%%
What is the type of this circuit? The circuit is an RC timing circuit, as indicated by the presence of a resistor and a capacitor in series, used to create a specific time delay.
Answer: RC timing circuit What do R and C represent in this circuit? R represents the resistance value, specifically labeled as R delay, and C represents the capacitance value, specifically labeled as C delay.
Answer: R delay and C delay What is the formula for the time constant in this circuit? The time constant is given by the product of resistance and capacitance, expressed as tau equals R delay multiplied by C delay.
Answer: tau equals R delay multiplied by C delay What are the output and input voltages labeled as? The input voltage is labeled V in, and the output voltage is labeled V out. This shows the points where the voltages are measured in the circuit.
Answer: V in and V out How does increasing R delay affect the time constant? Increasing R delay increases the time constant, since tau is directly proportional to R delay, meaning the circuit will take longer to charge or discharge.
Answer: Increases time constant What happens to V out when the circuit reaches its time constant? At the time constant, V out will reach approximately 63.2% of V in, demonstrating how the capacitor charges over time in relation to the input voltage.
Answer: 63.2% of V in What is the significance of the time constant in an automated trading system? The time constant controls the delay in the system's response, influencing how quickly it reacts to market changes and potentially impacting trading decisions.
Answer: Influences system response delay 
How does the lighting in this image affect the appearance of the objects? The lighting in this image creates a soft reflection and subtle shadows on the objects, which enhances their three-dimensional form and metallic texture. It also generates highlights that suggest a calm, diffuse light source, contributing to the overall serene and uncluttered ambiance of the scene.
%%
• **PROBLEM DESCRIPTION**
Please write out every line of the data exactly.

• **SOLUTION TO THE PROBLEM**
What is the type of this circuit? The circuit is an RC timing circuit, as indicated by the presence of a resistor and a capacitor in series, used to create a specific time delay.
Answer: RC timing circuit What do R and C represent in this circuit? R represents the resistance value, specifically labeled as R delay, and C represents the capacitance value, specifically labeled as C delay.
Answer: R delay and C delay What is the formula for the time constant in this circuit? The time constant is given by the product of resistance and capacitance, expressed as tau equals R delay multiplied by C delay.
Answer: tau equals R delay multiplied by C delay What are the output and input voltages labeled as? The input voltage is labeled V in, and the output voltage is labeled V out. This shows the points where the voltages are measured in the circuit.
Answer: V in and V out How does increasing R delay affect the time constant? Increasing R delay increases the time constant, since tau is directly proportional to R delay, meaning the circuit will take longer to charge or discharge.
Answer: Increases time constant What happens to V out when the circuit reaches its time constant? At the time constant, V out will reach approximately 63.2% of V in, demonstrating how the capacitor charges over time in relation to the input voltage.
Answer: 63.2% of V in What is the significance of the time constant in an automated trading system? The time constant controls the delay in the system's response, influencing how quickly it reacts to market changes and potentially impacting trading decisions.
Answer: Influences system response delay 
How does the lighting in this image affect the appearance of the objects? The lighting in this image creates a soft reflection and subtle shadows on the objects, which enhances their three-dimensional form and metallic texture. It also generates highlights that suggest a calm, diffuse light source, contributing to the overall serene and uncluttered ambiance of the scene.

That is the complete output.